Other than that, the other two walls that made up the alley were sheer brick faces without any windows. A rusty old ladder led up to the roof of the building that made up the left hand wall and a stack of broken cinder blocks leaned against the other. Basically only one way out for the three who were facing him and he was standing dead center in the middle of it.
“Mind your business,” one of the tall ones grumbled while the other tightened his grip on the old man.
Random shook his head and laughed, trying to drown out the sounds of those dismal lives being led on the main street not too far away. Car horns blared, shouts of profanity carried along on the night and a low hum of many garbled voices were present in the alley. Along with the raspy murmurings of the shadows. “I wish I could, you just don’t know, but that’s not going to happen.”
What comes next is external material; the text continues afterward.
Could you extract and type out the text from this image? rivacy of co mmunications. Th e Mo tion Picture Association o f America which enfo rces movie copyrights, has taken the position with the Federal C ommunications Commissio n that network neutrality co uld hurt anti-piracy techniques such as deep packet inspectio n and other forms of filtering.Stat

“I said get out of here, asshole,” the same one said, all the while the old man whimpering and trying his best to shrink as far back from his assailants as physically possible. Was that a glint of rebellion Random caught in the old man’s eyes?
“Or you’ll get it as good as this old bastard,” the other man chimed in.
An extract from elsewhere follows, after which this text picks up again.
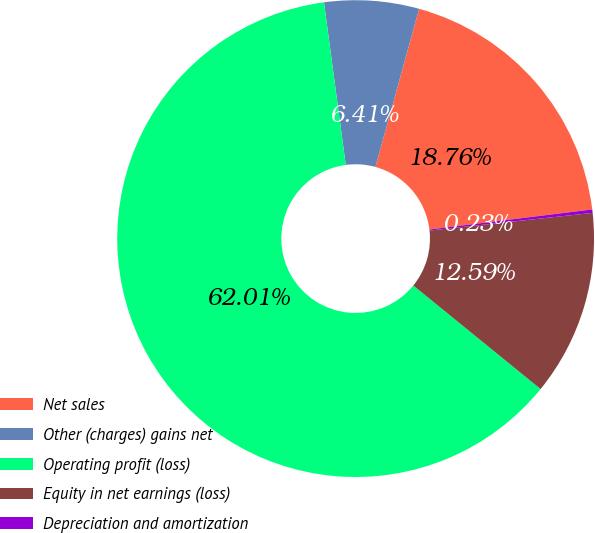<chart> <loc_0><loc_0><loc_500><loc_500><pie_chart><fcel>Net sales<fcel>Other (charges) gains net<fcel>Operating profit (loss)<fcel>Equity in net earnings (loss)<fcel>Depreciation and amortization<nl><fcel>18.76%<fcel>6.41%<fcel>62.01%<fcel>12.59%<fcel>0.23%<nl></chart>

“You just don’t get it,” Random said and began walking toward the three men.
He felt the two tall ones tense and the old one strangely fill with anger but his feet continued on their course—only twenty more paces separated him from the small group at the end of the alley.
“You see, pieces of shit like you two aren’t even in control of your own actions,” Random said and swept away the two sides of his long-coat, filling his hands with the small blades in a blur of rapid motion. “Can’t you see them? They’re all around you, right now. Telling you what to do, controlling you, bringing misery to that poor old son of a bitch for no other reason than you two happened to stumble past at the right time.”
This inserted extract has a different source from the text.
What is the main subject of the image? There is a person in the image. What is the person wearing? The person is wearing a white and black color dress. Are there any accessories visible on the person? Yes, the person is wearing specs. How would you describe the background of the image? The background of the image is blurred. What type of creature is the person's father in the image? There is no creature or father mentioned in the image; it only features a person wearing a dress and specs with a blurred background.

“Listen, kid, stop your gibberish and leave yourself out of this,” the one who had spoken first said.
Random shook his head again and stopped about four feet from them. “First off, it’s not gibberish,” he said, looking up at the two of them, both men towering over him. “Secondly, you’re too stupid to understand what I’m saying. Both of you—idiots. Too stupid to go on living, and weaker than that old man you’re about to kill.”
“We’ll kill you, too, asshole,” the talkative one said and shoved the old man to the ground.
While this one took a step toward Random, the other one bent down to pick-up the old man again, and it was almost too easy.
Random darted in low, using his lack of any real height to swoop in under the man’s outstretched arms, and hurled upward with the knife in his right hand. The blade bit deeply into the tall man’s upper abdomen and Random used all his strength to drive the blade upward in a slicing motion. His victim hadn’t even seen the move let alone reacted to it. The blade met ribs almost immediately, the man’s skin too thin to offer any resistance to razor sharp steel, and hot blood gushed out around his hand. Random pivoted and allowed the body to slide off his right arm while the knife in his left hand plunged deep into the upper shoulder of his next target, the man’s scream echoing off the close confines of the alley. The old man fell back to the trash covered ground as the hand that was holding him instantly released its grip, and landed with a grunt.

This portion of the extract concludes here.